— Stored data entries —
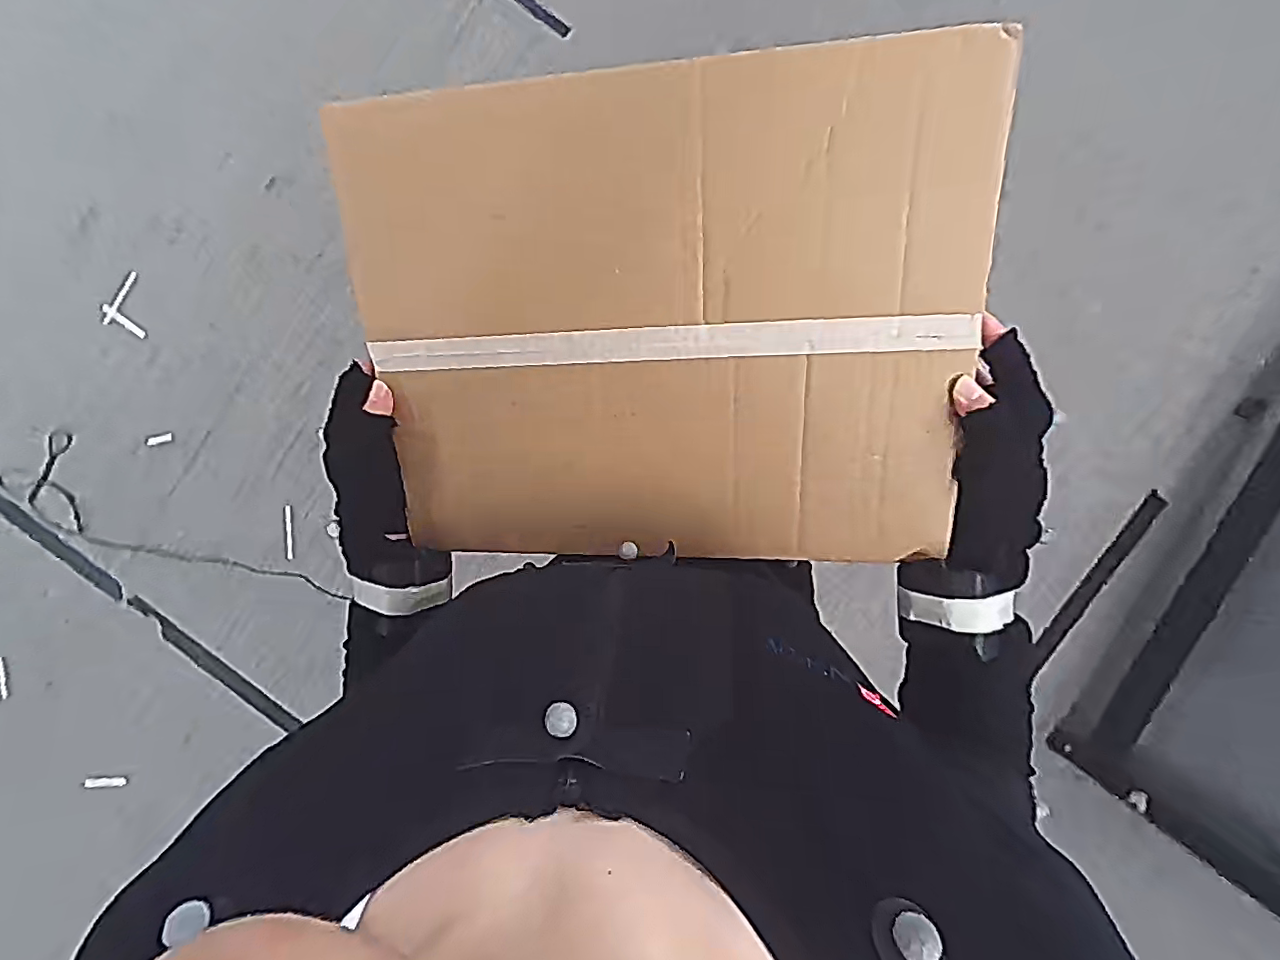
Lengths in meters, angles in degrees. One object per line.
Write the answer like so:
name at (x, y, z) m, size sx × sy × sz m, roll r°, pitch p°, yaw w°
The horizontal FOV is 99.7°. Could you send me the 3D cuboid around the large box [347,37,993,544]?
large box at (0.028, -0.144, 0.514) m, size 0.408 × 0.320 × 0.320 m, roll -1°, pitch 111°, yaw 9°

— PROBLEM TO WORK ON —
Output each entry exactly. Skip the pictures.

— ANSWER SECTION —
Lengths in meters, angles in degrees. One object per line.
Write the answer like so:
name at (x, y, z) m, size sx × sy × sz m, roll r°, pitch p°, yaw w°
The horizontal FOV is 99.7°. Could you send me the 3D cuboid around the large box [347,37,993,544]?
large box at (0.028, -0.144, 0.514) m, size 0.408 × 0.320 × 0.320 m, roll -1°, pitch 111°, yaw 9°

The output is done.